● Goal of the exercise
Scan the entries line by line and return those with "than".

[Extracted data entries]
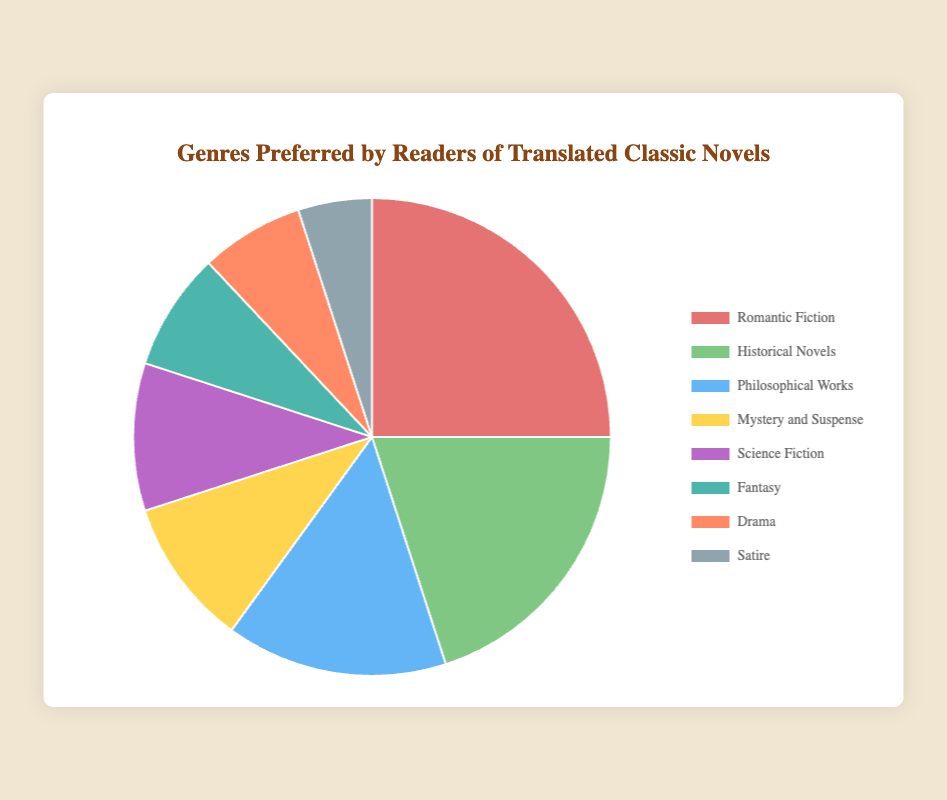Which genre is preferred by the largest percentage of readers? The figure lists the percentage of readers for each genre. By examining the data, we see that Romantic Fiction is preferred by 25%, which is the highest among all genres.
Answer: Romantic Fiction Which two genres have the smallest percentage of readers combined? The two genres with the smallest percentages are Drama (7%) and Satire (5%). Their combined percentage is 7% + 5% = 12%.
Answer: 12% How does the percentage of readers preferring Historical Novels compare to those preferring Fantasy? The figure shows that Historical Novels are preferred by 20% of readers, while Fantasy is preferred by 8%. 20% is more than 8%.
Answer: Historical Novels are preferred more What is the combined percentage of readers for Philosophical Works, Mystery and Suspense, and Science Fiction? Philosophical Works have 15%, Mystery and Suspense have 10%, and Science Fiction has 10%. Adding these gives 15% + 10% + 10% = 35%.
Answer: 35% What percentage of readers prefer genres that have a percentage below 10%? The genres with percentages below 10% are Fantasy (8%), Drama (7%), and Satire (5%). Adding these gives 8% + 7% + 5% = 20%.
Answer: 20% Is the percentage of readers for Science Fiction equal to the sum of the percentages for Drama and Satire? The percentage for Science Fiction is 10%. The percentage for Drama is 7% and for Satire is 5%. The sum of Drama and Satire is 7% + 5% = 12%, which is greater than 10%.
Answer: No What is the difference in percentage between the most and least preferred genres? The most preferred genre is Romantic Fiction with 25%, and the least preferred is Satire with 5%. The difference is 25% - 5% = 20%.
Answer: 20% If we group Mystery and Suspense, Science Fiction, and Fantasy together, what percentage of readers do they represent? Mystery and Suspense have 10%, Science Fiction also has 10%, and Fantasy has 8%. Adding these gives 10% + 10% + 8% = 28%.
Answer: 28% Identify the genre marked in green and its percentage. In the figure, we observe that Historical Novels is marked in green with a percentage of 20%.
Answer: Historical Novels, 20% 
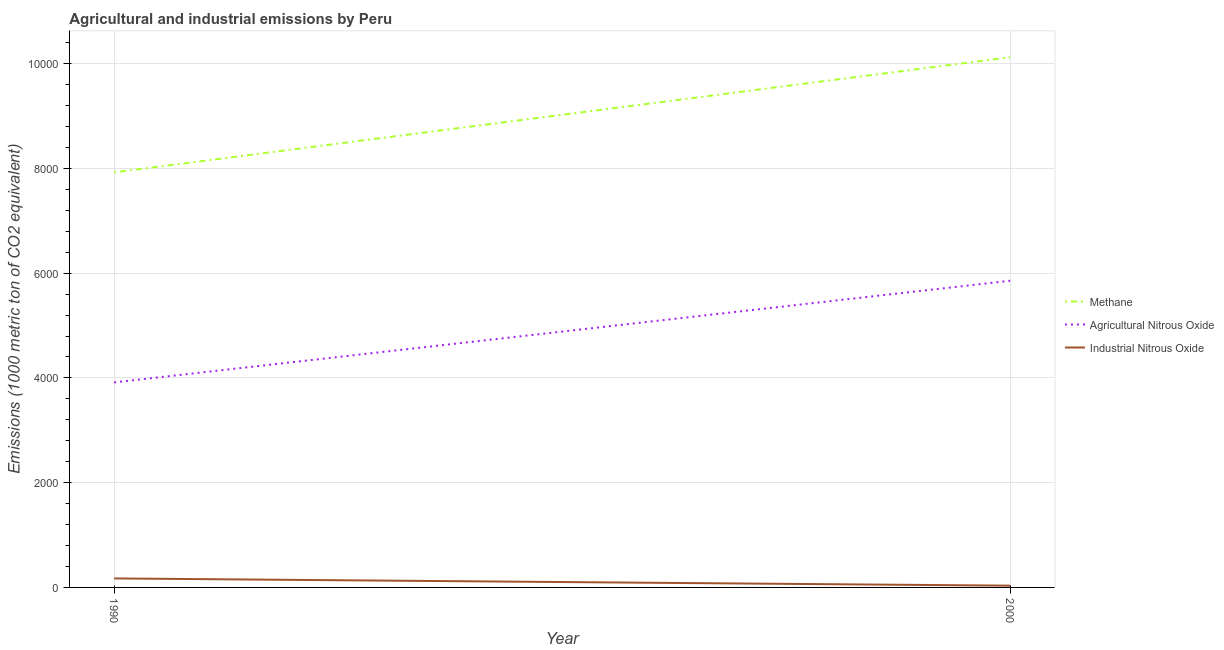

● Answer space
Answer: 12% How does the percentage of readers preferring Historical Novels compare to those preferring Fantasy? The figure shows that Historical Novels are preferred by 20% of readers, while Fantasy is preferred by 8%. 20% is more than 8%.
Answer: 20% Is the percentage of readers for Science Fiction equal to the sum of the percentages for Drama and Satire? The percentage for Science Fiction is 10%. The percentage for Drama is 7% and for Satire is 5%. The sum of Drama and Satire is 7% + 5% = 12%, which is greater than 10%.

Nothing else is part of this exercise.